====== DATA RECORDS

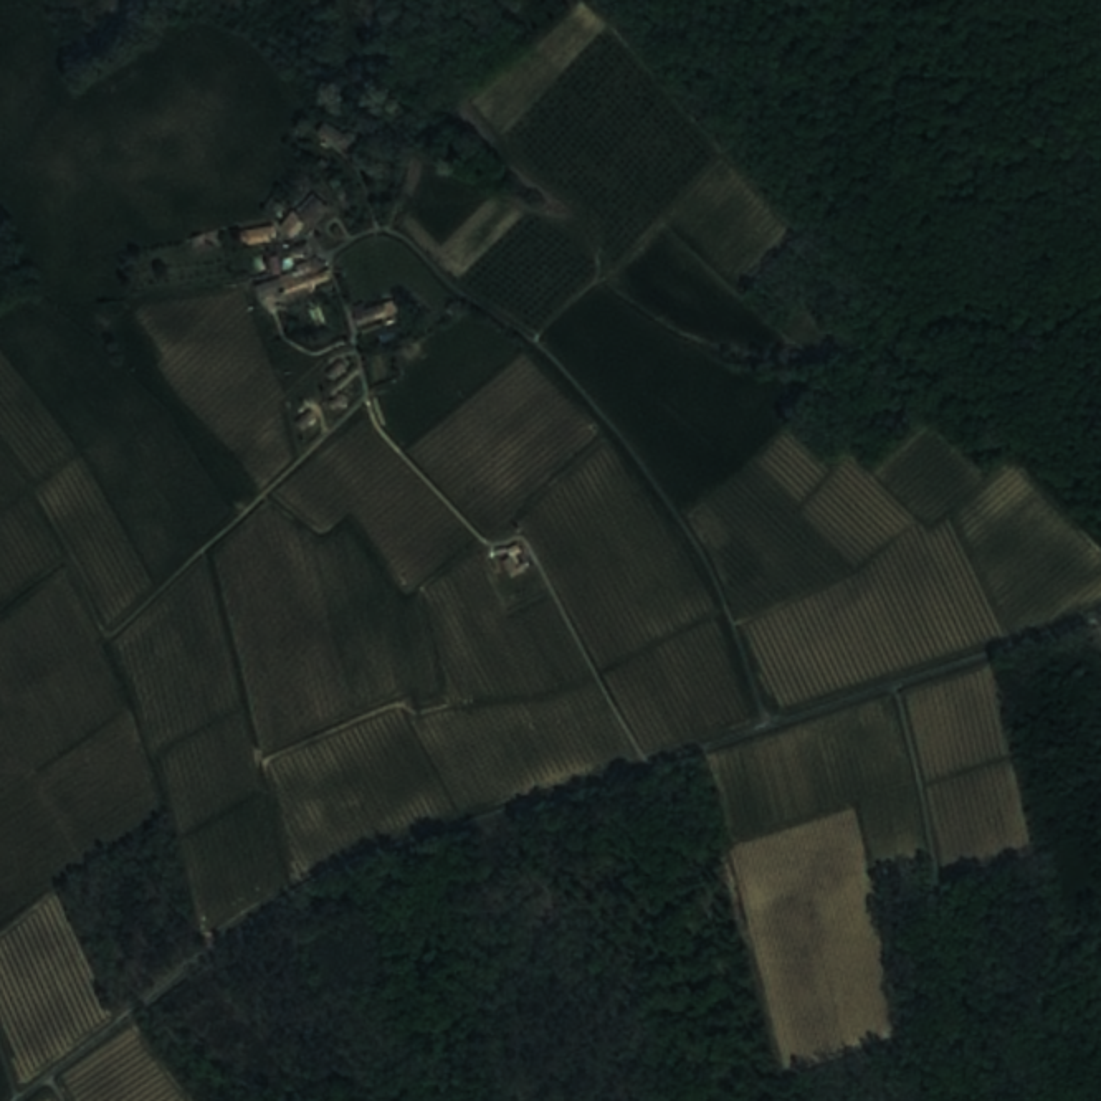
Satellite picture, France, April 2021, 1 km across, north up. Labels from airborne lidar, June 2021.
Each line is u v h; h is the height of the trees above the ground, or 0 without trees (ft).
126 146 0
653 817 76
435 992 105
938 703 0
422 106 92
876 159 66
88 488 0
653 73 37
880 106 65
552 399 0
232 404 0
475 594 0
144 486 0
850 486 0
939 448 0
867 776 0
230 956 68
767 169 67
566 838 64
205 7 33
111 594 0
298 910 63
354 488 0
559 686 0
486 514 0
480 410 0
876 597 0
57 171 0
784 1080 30
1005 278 82
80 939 24
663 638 0
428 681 0
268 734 0
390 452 0
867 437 71
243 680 0
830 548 0
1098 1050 65
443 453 0
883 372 86
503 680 0
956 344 97
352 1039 44
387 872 89
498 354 0
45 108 0
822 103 69
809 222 63
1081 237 84
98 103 0
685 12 80
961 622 0
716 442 0
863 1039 0
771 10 78
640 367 0
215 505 0
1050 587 0
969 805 0
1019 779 23
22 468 0
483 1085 80
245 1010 59
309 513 0
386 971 70
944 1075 91
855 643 0
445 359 0
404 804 0
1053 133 85
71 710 0
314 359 0
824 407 69
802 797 0
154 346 0
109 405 0
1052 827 21
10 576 0
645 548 0
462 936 64
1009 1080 75
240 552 0
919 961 77
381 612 0
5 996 0
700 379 0
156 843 41
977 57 88
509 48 52
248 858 0
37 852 0
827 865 0
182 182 0
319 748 0
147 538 0
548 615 0
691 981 27
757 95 63
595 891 34
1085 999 61
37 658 0
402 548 0
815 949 0
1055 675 22
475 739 0
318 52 40
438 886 88
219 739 0
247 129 0
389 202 42
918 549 0
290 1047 76
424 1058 90
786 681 0
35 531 0
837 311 66
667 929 81
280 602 0
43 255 0
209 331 0
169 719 0
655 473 0
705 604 0
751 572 0
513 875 64
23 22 0
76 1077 0
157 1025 57
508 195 29
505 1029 71
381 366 0
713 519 0
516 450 0
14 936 0
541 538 0
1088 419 85
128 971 49
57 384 0
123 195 0
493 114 0
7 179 0
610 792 50
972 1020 81
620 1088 83
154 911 42
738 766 0
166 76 0
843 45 78
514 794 0
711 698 0
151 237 0
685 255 0
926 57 76
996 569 0
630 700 0
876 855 0
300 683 0
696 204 0
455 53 57
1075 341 92
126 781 0
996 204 80
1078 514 57
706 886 63
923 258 89
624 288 0
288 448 0
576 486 0
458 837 54
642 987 41
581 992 66
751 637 0
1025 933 65
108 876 48
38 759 0
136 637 0
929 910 75
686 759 49
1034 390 79
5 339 0
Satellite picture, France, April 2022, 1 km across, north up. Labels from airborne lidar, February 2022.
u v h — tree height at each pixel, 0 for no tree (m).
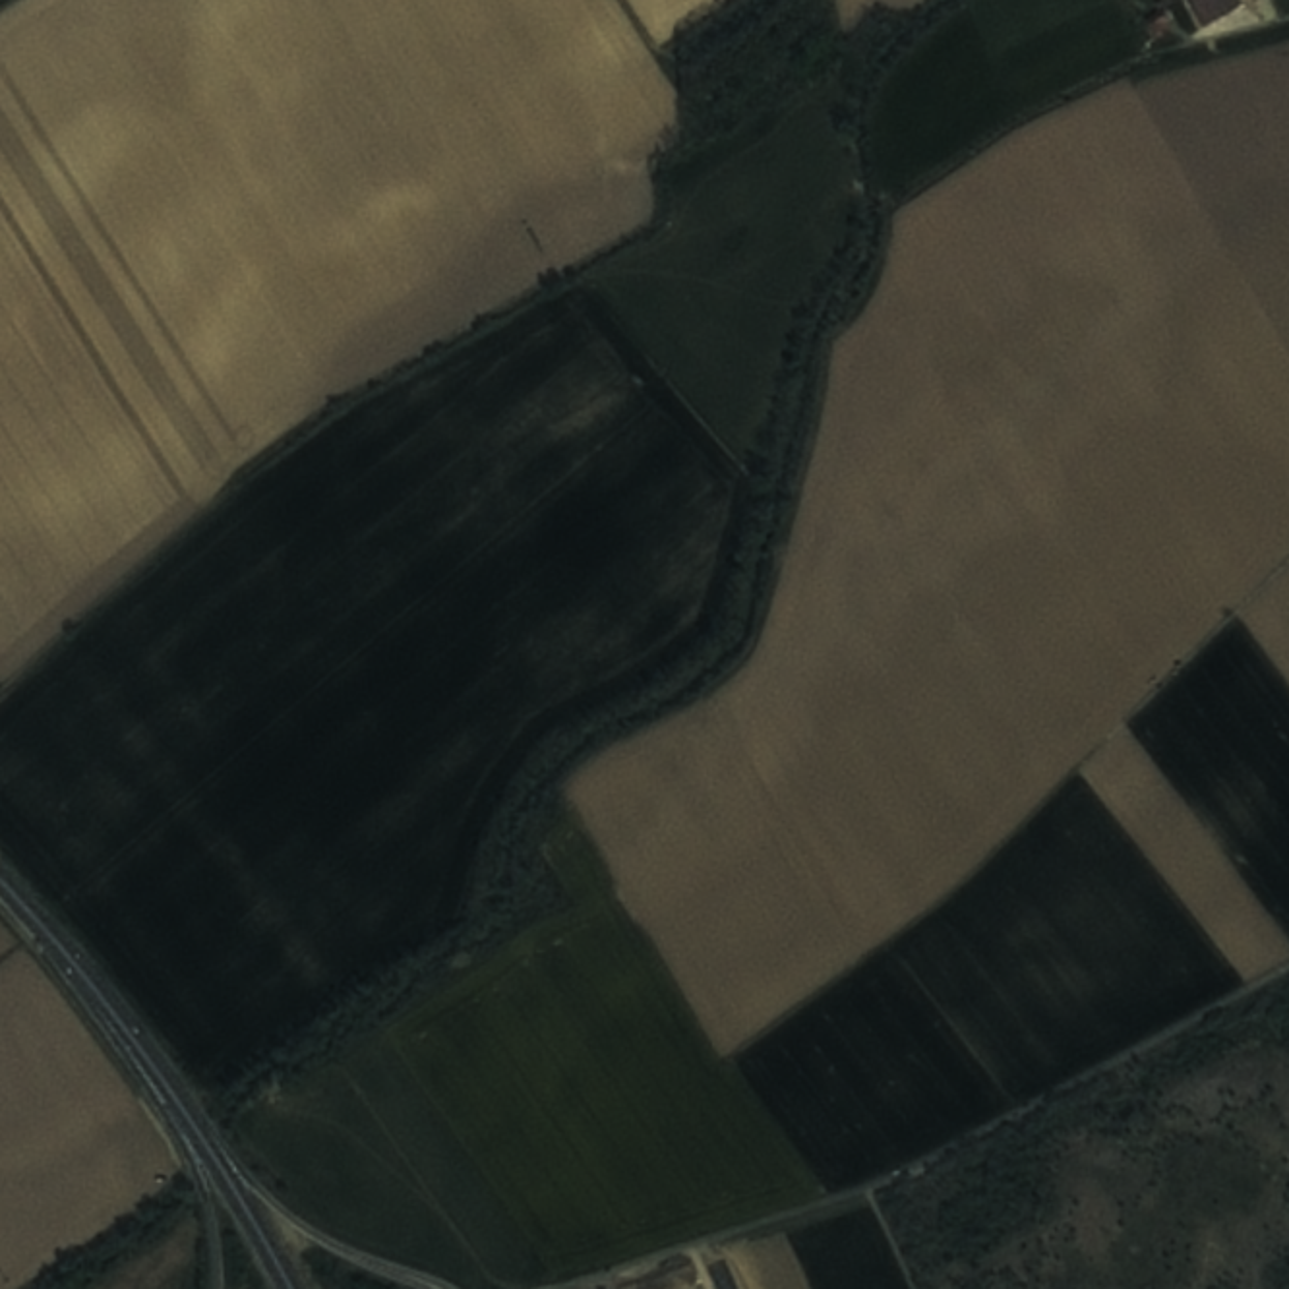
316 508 0
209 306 0
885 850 0
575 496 0
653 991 0
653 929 0
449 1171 0
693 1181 0
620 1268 0
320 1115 0
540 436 0
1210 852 0
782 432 16
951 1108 0
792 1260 0
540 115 0
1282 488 0
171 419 0
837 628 0
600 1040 0
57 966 0
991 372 0
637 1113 0
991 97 0
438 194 0
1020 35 0
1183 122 0
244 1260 8
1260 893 0
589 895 0
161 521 0
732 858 0
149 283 0
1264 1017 5
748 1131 0
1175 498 0
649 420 0
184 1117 0
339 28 0
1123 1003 0
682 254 0
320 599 0
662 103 0
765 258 0
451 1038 0
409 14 0
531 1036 0
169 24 0
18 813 0
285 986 0
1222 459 0
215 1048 0
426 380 0
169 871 0
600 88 0
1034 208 0
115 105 0
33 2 0
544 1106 0
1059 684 0
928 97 0
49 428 0
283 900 0
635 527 0
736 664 17
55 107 0
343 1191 0
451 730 0
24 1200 0
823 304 11
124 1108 0
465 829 0
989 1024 0
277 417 0
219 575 0
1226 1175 0
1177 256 0
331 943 0
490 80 0
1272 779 0
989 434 0
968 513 0
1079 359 0
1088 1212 0
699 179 0
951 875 0
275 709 0
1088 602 0
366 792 0
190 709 0
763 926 0
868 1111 0
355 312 0
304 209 0
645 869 0
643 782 0
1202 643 0
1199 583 0
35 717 0
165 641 0
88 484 0
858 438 0
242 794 0
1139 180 0
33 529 0
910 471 0
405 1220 0
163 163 0
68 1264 15
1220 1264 0
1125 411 0
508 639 0
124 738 0
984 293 0
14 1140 0
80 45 0
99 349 0
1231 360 0
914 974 0
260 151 0
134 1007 0
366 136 0
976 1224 7
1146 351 0
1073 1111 11
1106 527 0
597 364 0
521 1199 0
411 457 0
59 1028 0
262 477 0
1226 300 0
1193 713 0
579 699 0
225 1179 0
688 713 0
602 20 0
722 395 0
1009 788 0
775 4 20
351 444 0
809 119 0
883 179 0
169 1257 0
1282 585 0
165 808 0
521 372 0
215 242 0
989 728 0
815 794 0
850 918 0
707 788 0
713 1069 0
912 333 0
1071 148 0
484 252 0
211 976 0
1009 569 0
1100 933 0
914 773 0
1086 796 0
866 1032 0
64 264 0
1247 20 0
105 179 0
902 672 0
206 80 0
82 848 0
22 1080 0
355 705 0
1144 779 0
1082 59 0
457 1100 0
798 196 0
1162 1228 0
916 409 0
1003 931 0
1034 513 0
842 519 0
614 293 0
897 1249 0
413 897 0
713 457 0
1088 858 0
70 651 0
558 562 0
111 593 0
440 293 0
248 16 0
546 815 16
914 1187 11
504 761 0
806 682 0
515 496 0
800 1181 0
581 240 0
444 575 0
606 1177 0
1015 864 0
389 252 0
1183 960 0
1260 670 0
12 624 0
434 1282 0
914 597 0
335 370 0
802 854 0
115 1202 0
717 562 0
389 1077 0
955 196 0
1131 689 0
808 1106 0
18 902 0
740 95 21
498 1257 0
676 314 0
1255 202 0
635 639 0
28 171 0
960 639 0
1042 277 0

============

## WHAT YOU WILL DO
A faithful copy of the records above, without images, is what to give back.

## EXPECTED ANSWER
Satellite picture, France, April 2021, 1 km across, north up. Labels from airborne lidar, June 2021.
Each line is u v h; h is the height of the trees above the ground, or 0 without trees (ft).
126 146 0
653 817 76
435 992 105
938 703 0
422 106 92
876 159 66
88 488 0
653 73 37
880 106 65
552 399 0
232 404 0
475 594 0
144 486 0
850 486 0
939 448 0
867 776 0
230 956 68
767 169 67
566 838 64
205 7 33
111 594 0
298 910 63
354 488 0
559 686 0
486 514 0
480 410 0
876 597 0
57 171 0
784 1080 30
1005 278 82
80 939 24
663 638 0
428 681 0
268 734 0
390 452 0
867 437 71
243 680 0
830 548 0
1098 1050 65
443 453 0
883 372 86
503 680 0
956 344 97
352 1039 44
387 872 89
498 354 0
45 108 0
822 103 69
809 222 63
1081 237 84
98 103 0
685 12 80
961 622 0
716 442 0
863 1039 0
771 10 78
640 367 0
215 505 0
1050 587 0
969 805 0
1019 779 23
22 468 0
483 1085 80
245 1010 59
309 513 0
386 971 70
944 1075 91
855 643 0
445 359 0
404 804 0
1053 133 85
71 710 0
314 359 0
824 407 69
802 797 0
154 346 0
109 405 0
1052 827 21
10 576 0
645 548 0
462 936 64
1009 1080 75
240 552 0
919 961 77
381 612 0
5 996 0
700 379 0
156 843 41
977 57 88
509 48 52
248 858 0
37 852 0
827 865 0
182 182 0
319 748 0
147 538 0
548 615 0
691 981 27
757 95 63
595 891 34
1085 999 61
37 658 0
402 548 0
815 949 0
1055 675 22
475 739 0
318 52 40
438 886 88
219 739 0
247 129 0
389 202 42
918 549 0
290 1047 76
424 1058 90
786 681 0
35 531 0
837 311 66
667 929 81
280 602 0
43 255 0
209 331 0
169 719 0
655 473 0
705 604 0
751 572 0
513 875 64
23 22 0
76 1077 0
157 1025 57
508 195 29
505 1029 71
381 366 0
713 519 0
516 450 0
14 936 0
541 538 0
1088 419 85
128 971 49
57 384 0
123 195 0
493 114 0
7 179 0
610 792 50
972 1020 81
620 1088 83
154 911 42
738 766 0
166 76 0
843 45 78
514 794 0
711 698 0
151 237 0
685 255 0
926 57 76
996 569 0
630 700 0
876 855 0
300 683 0
696 204 0
455 53 57
1075 341 92
126 781 0
996 204 80
1078 514 57
706 886 63
923 258 89
624 288 0
288 448 0
576 486 0
458 837 54
642 987 41
581 992 66
751 637 0
1025 933 65
108 876 48
38 759 0
136 637 0
929 910 75
686 759 49
1034 390 79
5 339 0
Satellite picture, France, April 2022, 1 km across, north up. Labels from airborne lidar, February 2022.
u v h — tree height at each pixel, 0 for no tree (m).
316 508 0
209 306 0
885 850 0
575 496 0
653 991 0
653 929 0
449 1171 0
693 1181 0
620 1268 0
320 1115 0
540 436 0
1210 852 0
782 432 16
951 1108 0
792 1260 0
540 115 0
1282 488 0
171 419 0
837 628 0
600 1040 0
57 966 0
991 372 0
637 1113 0
991 97 0
438 194 0
1020 35 0
1183 122 0
244 1260 8
1260 893 0
589 895 0
161 521 0
732 858 0
149 283 0
1264 1017 5
748 1131 0
1175 498 0
649 420 0
184 1117 0
339 28 0
1123 1003 0
682 254 0
320 599 0
662 103 0
765 258 0
451 1038 0
409 14 0
531 1036 0
169 24 0
18 813 0
285 986 0
1222 459 0
215 1048 0
426 380 0
169 871 0
600 88 0
1034 208 0
115 105 0
33 2 0
544 1106 0
1059 684 0
928 97 0
49 428 0
283 900 0
635 527 0
736 664 17
55 107 0
343 1191 0
451 730 0
24 1200 0
823 304 11
124 1108 0
465 829 0
989 1024 0
277 417 0
219 575 0
1226 1175 0
1177 256 0
331 943 0
490 80 0
1272 779 0
989 434 0
968 513 0
1079 359 0
1088 1212 0
699 179 0
951 875 0
275 709 0
1088 602 0
366 792 0
190 709 0
763 926 0
868 1111 0
355 312 0
304 209 0
645 869 0
643 782 0
1202 643 0
1199 583 0
35 717 0
165 641 0
88 484 0
858 438 0
242 794 0
1139 180 0
33 529 0
910 471 0
405 1220 0
163 163 0
68 1264 15
1220 1264 0
1125 411 0
508 639 0
124 738 0
984 293 0
14 1140 0
80 45 0
99 349 0
1231 360 0
914 974 0
260 151 0
134 1007 0
366 136 0
976 1224 7
1146 351 0
1073 1111 11
1106 527 0
597 364 0
521 1199 0
411 457 0
59 1028 0
262 477 0
1226 300 0
1193 713 0
579 699 0
225 1179 0
688 713 0
602 20 0
722 395 0
1009 788 0
775 4 20
351 444 0
809 119 0
883 179 0
169 1257 0
1282 585 0
165 808 0
521 372 0
215 242 0
989 728 0
815 794 0
850 918 0
707 788 0
713 1069 0
912 333 0
1071 148 0
484 252 0
211 976 0
1009 569 0
1100 933 0
914 773 0
1086 796 0
866 1032 0
64 264 0
1247 20 0
105 179 0
902 672 0
206 80 0
82 848 0
22 1080 0
355 705 0
1144 779 0
1082 59 0
457 1100 0
798 196 0
1162 1228 0
916 409 0
1003 931 0
1034 513 0
842 519 0
614 293 0
897 1249 0
413 897 0
713 457 0
1088 858 0
70 651 0
558 562 0
111 593 0
440 293 0
248 16 0
546 815 16
914 1187 11
504 761 0
806 682 0
515 496 0
800 1181 0
581 240 0
444 575 0
606 1177 0
1015 864 0
389 252 0
1183 960 0
1260 670 0
12 624 0
434 1282 0
914 597 0
335 370 0
802 854 0
115 1202 0
717 562 0
389 1077 0
955 196 0
1131 689 0
808 1106 0
18 902 0
740 95 21
498 1257 0
676 314 0
1255 202 0
635 639 0
28 171 0
960 639 0
1042 277 0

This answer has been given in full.